Without including the pictures, copy each line below exactly as it reads.
··· Material supplied ···
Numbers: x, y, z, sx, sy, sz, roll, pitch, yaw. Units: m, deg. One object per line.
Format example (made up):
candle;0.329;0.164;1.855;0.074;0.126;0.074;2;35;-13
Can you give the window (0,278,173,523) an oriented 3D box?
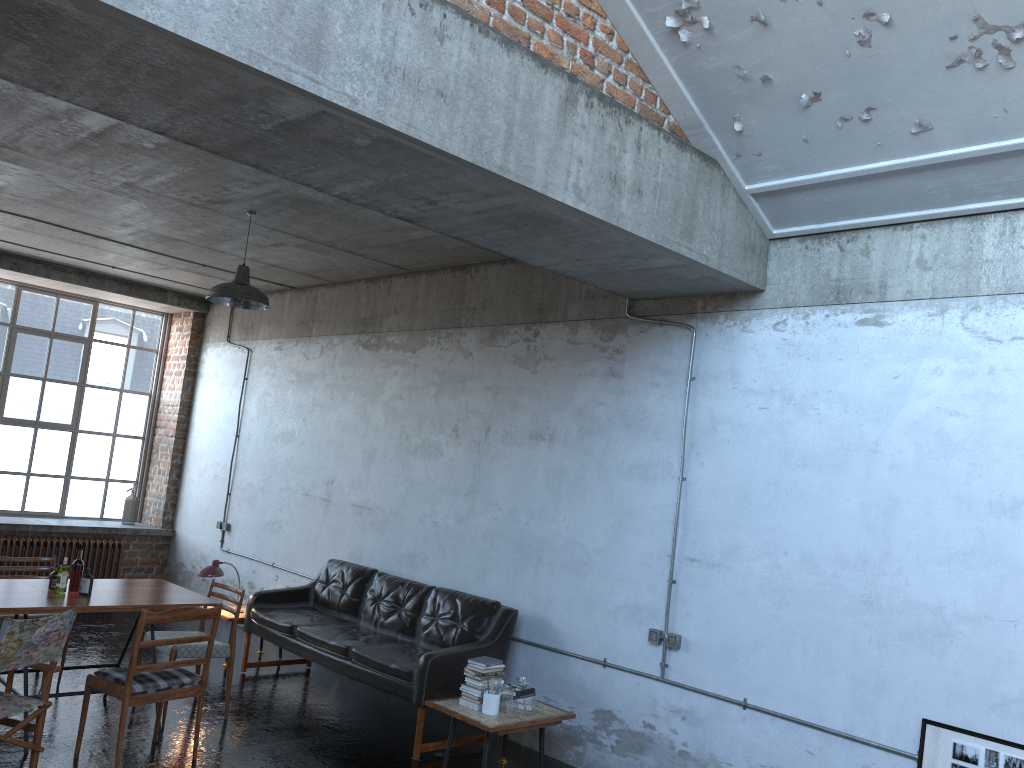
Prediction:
window;-4.533;2.235;12.960;19.864;12.900;0.747;12;-8;-44

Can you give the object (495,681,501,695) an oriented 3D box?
object;-0.104;2.066;5.914;0.009;0.169;0.062;1;-8;45

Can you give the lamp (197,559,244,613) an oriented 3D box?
lamp;-2.728;1.890;8.305;0.220;0.492;0.496;2;-7;38

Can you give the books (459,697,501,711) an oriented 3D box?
books;-0.206;2.172;6.045;0.248;0.043;0.192;12;-8;-44

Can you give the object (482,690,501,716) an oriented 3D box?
object;-0.138;2.115;5.876;0.110;0.137;0.110;12;-8;-44

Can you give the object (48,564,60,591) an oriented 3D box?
object;-3.145;1.334;6.117;0.077;0.173;0.077;3;-7;31

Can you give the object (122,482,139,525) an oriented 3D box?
object;-4.963;1.557;11.564;0.172;0.551;0.172;6;-6;0

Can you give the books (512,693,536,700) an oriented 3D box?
books;0.023;2.166;6.215;0.175;0.024;0.243;1;-8;42

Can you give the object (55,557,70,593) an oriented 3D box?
object;-3.057;1.300;6.041;0.041;0.235;0.070;1;-8;45

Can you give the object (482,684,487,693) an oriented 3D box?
object;-0.157;2.076;5.876;0.137;0.190;0.009;11;-8;-41

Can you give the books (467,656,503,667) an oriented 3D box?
books;-0.184;1.907;6.094;0.159;0.024;0.201;2;-7;36

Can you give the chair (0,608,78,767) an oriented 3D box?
chair;-2.922;1.724;4.850;0.713;1.031;0.574;5;-6;16

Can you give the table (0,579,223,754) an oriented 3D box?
table;-3.585;1.780;5.589;3.112;0.917;1.067;12;-8;-44

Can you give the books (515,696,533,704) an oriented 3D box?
books;0.012;2.187;6.203;0.227;0.024;0.166;4;-6;25

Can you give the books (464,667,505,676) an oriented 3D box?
books;-0.190;1.970;6.076;0.231;0.023;0.162;10;-7;-28

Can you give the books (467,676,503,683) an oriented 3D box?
books;-0.185;2.013;6.080;0.155;0.022;0.205;1;-8;41

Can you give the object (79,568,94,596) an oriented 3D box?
object;-2.907;1.350;6.066;0.097;0.180;0.051;5;-6;18

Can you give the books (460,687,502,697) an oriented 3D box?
books;-0.199;2.100;6.071;0.255;0.014;0.192;11;-8;-41

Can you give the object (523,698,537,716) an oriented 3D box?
object;0.115;2.169;5.955;0.092;0.099;0.092;4;-6;24

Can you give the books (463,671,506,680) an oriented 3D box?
books;-0.186;1.992;6.079;0.244;0.019;0.174;12;-8;-44

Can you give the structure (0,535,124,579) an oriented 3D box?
structure;-6.733;1.883;9.190;5.349;0.713;0.232;12;-8;-44

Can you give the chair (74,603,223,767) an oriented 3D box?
chair;-2.306;1.887;5.637;0.509;1.028;0.573;2;-7;35

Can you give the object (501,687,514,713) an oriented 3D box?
object;-0.035;2.124;5.954;0.087;0.155;0.087;5;-6;19

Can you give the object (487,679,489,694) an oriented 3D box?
object;-0.155;2.063;5.917;0.009;0.167;0.061;10;-7;-32

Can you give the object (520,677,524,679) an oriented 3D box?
object;0.077;2.091;6.228;0.065;0.060;0.081;3;-7;28

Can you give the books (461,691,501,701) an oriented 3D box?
books;-0.198;2.117;6.051;0.249;0.023;0.175;12;-8;-43

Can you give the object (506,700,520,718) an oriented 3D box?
object;0.000;2.145;5.843;0.092;0.099;0.092;4;-6;24

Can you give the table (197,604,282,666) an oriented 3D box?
table;-2.537;2.408;8.518;0.811;0.458;0.649;12;-8;-44

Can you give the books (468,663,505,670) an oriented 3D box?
books;-0.176;1.929;6.089;0.205;0.020;0.155;12;-8;-44

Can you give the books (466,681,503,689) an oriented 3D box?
books;-0.188;2.055;6.078;0.147;0.023;0.221;1;-8;45

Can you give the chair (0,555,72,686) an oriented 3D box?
chair;-3.864;1.865;6.980;0.589;0.971;0.577;12;-8;-44

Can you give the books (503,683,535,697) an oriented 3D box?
books;0.023;2.138;6.207;0.179;0.029;0.225;2;-7;38

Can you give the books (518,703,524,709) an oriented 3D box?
books;0.018;2.217;6.202;0.243;0.034;0.179;3;-7;29

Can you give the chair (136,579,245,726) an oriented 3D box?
chair;-2.420;1.998;6.686;0.577;0.971;0.589;12;-8;-44

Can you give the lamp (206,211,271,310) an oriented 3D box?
lamp;-2.144;-1.084;7.152;0.502;0.891;0.502;11;-7;-39

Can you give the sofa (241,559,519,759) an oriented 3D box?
sofa;-1.208;2.137;7.401;0.929;1.045;2.610;12;-8;-44

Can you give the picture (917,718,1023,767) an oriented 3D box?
picture;2.428;2.285;4.372;0.135;0.994;0.889;12;-8;-44

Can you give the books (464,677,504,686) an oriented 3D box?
books;-0.190;2.035;6.083;0.224;0.021;0.158;12;-8;-44

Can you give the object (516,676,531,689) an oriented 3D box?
object;0.077;2.097;6.227;0.103;0.068;0.103;4;-6;19

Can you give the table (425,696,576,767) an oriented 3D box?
table;-0.100;2.429;6.014;0.811;0.458;0.649;12;-8;-44

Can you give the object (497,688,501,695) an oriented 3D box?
object;-0.110;2.097;5.887;0.068;0.159;0.009;10;-7;-31

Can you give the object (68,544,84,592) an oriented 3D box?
object;-3.009;1.273;6.144;0.075;0.324;0.075;8;-6;-19

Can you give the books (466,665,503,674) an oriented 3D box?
books;-0.185;1.950;6.095;0.167;0.023;0.209;2;-8;40

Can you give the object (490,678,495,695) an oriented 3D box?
object;-0.137;2.075;5.926;0.023;0.204;0.037;7;-6;-5

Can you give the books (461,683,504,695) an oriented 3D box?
books;-0.199;2.078;6.073;0.193;0.028;0.245;1;-8;41

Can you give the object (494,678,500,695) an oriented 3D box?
object;-0.112;2.058;5.925;0.052;0.185;0.009;12;-8;-42

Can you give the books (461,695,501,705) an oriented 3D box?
books;-0.200;2.140;6.049;0.175;0.023;0.249;1;-8;41
···
= Response area =
Numbers: x, y, z, sx, sy, sz, roll, pitch, yaw. Units: m, deg. One object per line.
Format example (made up):
candle;0.329;0.164;1.855;0.074;0.126;0.074;2;35;-13
Can you give the window (0,278,173,523) an oriented 3D box?
Prediction:
window;-4.533;2.235;12.960;19.864;12.900;0.747;12;-8;-44

Can you give the object (495,681,501,695) an oriented 3D box?
object;-0.104;2.066;5.914;0.009;0.169;0.062;1;-8;45

Can you give the lamp (197,559,244,613) an oriented 3D box?
lamp;-2.728;1.890;8.305;0.220;0.492;0.496;2;-7;38

Can you give the books (459,697,501,711) an oriented 3D box?
books;-0.206;2.172;6.045;0.248;0.043;0.192;12;-8;-44

Can you give the object (482,690,501,716) an oriented 3D box?
object;-0.138;2.115;5.876;0.110;0.137;0.110;12;-8;-44

Can you give the object (48,564,60,591) an oriented 3D box?
object;-3.145;1.334;6.117;0.077;0.173;0.077;3;-7;31

Can you give the object (122,482,139,525) an oriented 3D box?
object;-4.963;1.557;11.564;0.172;0.551;0.172;6;-6;0

Can you give the books (512,693,536,700) an oriented 3D box?
books;0.023;2.166;6.215;0.175;0.024;0.243;1;-8;42

Can you give the object (55,557,70,593) an oriented 3D box?
object;-3.057;1.300;6.041;0.041;0.235;0.070;1;-8;45

Can you give the object (482,684,487,693) an oriented 3D box?
object;-0.157;2.076;5.876;0.137;0.190;0.009;11;-8;-41

Can you give the books (467,656,503,667) an oriented 3D box?
books;-0.184;1.907;6.094;0.159;0.024;0.201;2;-7;36

Can you give the chair (0,608,78,767) an oriented 3D box?
chair;-2.922;1.724;4.850;0.713;1.031;0.574;5;-6;16

Can you give the table (0,579,223,754) an oriented 3D box?
table;-3.585;1.780;5.589;3.112;0.917;1.067;12;-8;-44

Can you give the books (515,696,533,704) an oriented 3D box?
books;0.012;2.187;6.203;0.227;0.024;0.166;4;-6;25

Can you give the books (464,667,505,676) an oriented 3D box?
books;-0.190;1.970;6.076;0.231;0.023;0.162;10;-7;-28

Can you give the books (467,676,503,683) an oriented 3D box?
books;-0.185;2.013;6.080;0.155;0.022;0.205;1;-8;41

Can you give the object (79,568,94,596) an oriented 3D box?
object;-2.907;1.350;6.066;0.097;0.180;0.051;5;-6;18

Can you give the books (460,687,502,697) an oriented 3D box?
books;-0.199;2.100;6.071;0.255;0.014;0.192;11;-8;-41

Can you give the object (523,698,537,716) an oriented 3D box?
object;0.115;2.169;5.955;0.092;0.099;0.092;4;-6;24

Can you give the books (463,671,506,680) an oriented 3D box?
books;-0.186;1.992;6.079;0.244;0.019;0.174;12;-8;-44

Can you give the structure (0,535,124,579) an oriented 3D box?
structure;-6.733;1.883;9.190;5.349;0.713;0.232;12;-8;-44

Can you give the chair (74,603,223,767) an oriented 3D box?
chair;-2.306;1.887;5.637;0.509;1.028;0.573;2;-7;35

Can you give the object (501,687,514,713) an oriented 3D box?
object;-0.035;2.124;5.954;0.087;0.155;0.087;5;-6;19

Can you give the object (487,679,489,694) an oriented 3D box?
object;-0.155;2.063;5.917;0.009;0.167;0.061;10;-7;-32

Can you give the object (520,677,524,679) an oriented 3D box?
object;0.077;2.091;6.228;0.065;0.060;0.081;3;-7;28

Can you give the books (461,691,501,701) an oriented 3D box?
books;-0.198;2.117;6.051;0.249;0.023;0.175;12;-8;-43

Can you give the object (506,700,520,718) an oriented 3D box?
object;0.000;2.145;5.843;0.092;0.099;0.092;4;-6;24

Can you give the table (197,604,282,666) an oriented 3D box?
table;-2.537;2.408;8.518;0.811;0.458;0.649;12;-8;-44

Can you give the books (468,663,505,670) an oriented 3D box?
books;-0.176;1.929;6.089;0.205;0.020;0.155;12;-8;-44

Can you give the books (466,681,503,689) an oriented 3D box?
books;-0.188;2.055;6.078;0.147;0.023;0.221;1;-8;45

Can you give the chair (0,555,72,686) an oriented 3D box?
chair;-3.864;1.865;6.980;0.589;0.971;0.577;12;-8;-44

Can you give the books (503,683,535,697) an oriented 3D box?
books;0.023;2.138;6.207;0.179;0.029;0.225;2;-7;38

Can you give the books (518,703,524,709) an oriented 3D box?
books;0.018;2.217;6.202;0.243;0.034;0.179;3;-7;29

Can you give the chair (136,579,245,726) an oriented 3D box?
chair;-2.420;1.998;6.686;0.577;0.971;0.589;12;-8;-44

Can you give the lamp (206,211,271,310) an oriented 3D box?
lamp;-2.144;-1.084;7.152;0.502;0.891;0.502;11;-7;-39

Can you give the sofa (241,559,519,759) an oriented 3D box?
sofa;-1.208;2.137;7.401;0.929;1.045;2.610;12;-8;-44

Can you give the picture (917,718,1023,767) an oriented 3D box?
picture;2.428;2.285;4.372;0.135;0.994;0.889;12;-8;-44

Can you give the books (464,677,504,686) an oriented 3D box?
books;-0.190;2.035;6.083;0.224;0.021;0.158;12;-8;-44

Can you give the object (516,676,531,689) an oriented 3D box?
object;0.077;2.097;6.227;0.103;0.068;0.103;4;-6;19

Can you give the table (425,696,576,767) an oriented 3D box?
table;-0.100;2.429;6.014;0.811;0.458;0.649;12;-8;-44

Can you give the object (497,688,501,695) an oriented 3D box?
object;-0.110;2.097;5.887;0.068;0.159;0.009;10;-7;-31

Can you give the object (68,544,84,592) an oriented 3D box?
object;-3.009;1.273;6.144;0.075;0.324;0.075;8;-6;-19

Can you give the books (466,665,503,674) an oriented 3D box?
books;-0.185;1.950;6.095;0.167;0.023;0.209;2;-8;40

Can you give the object (490,678,495,695) an oriented 3D box?
object;-0.137;2.075;5.926;0.023;0.204;0.037;7;-6;-5

Can you give the books (461,683,504,695) an oriented 3D box?
books;-0.199;2.078;6.073;0.193;0.028;0.245;1;-8;41

Can you give the object (494,678,500,695) an oriented 3D box?
object;-0.112;2.058;5.925;0.052;0.185;0.009;12;-8;-42

Can you give the books (461,695,501,705) an oriented 3D box?
books;-0.200;2.140;6.049;0.175;0.023;0.249;1;-8;41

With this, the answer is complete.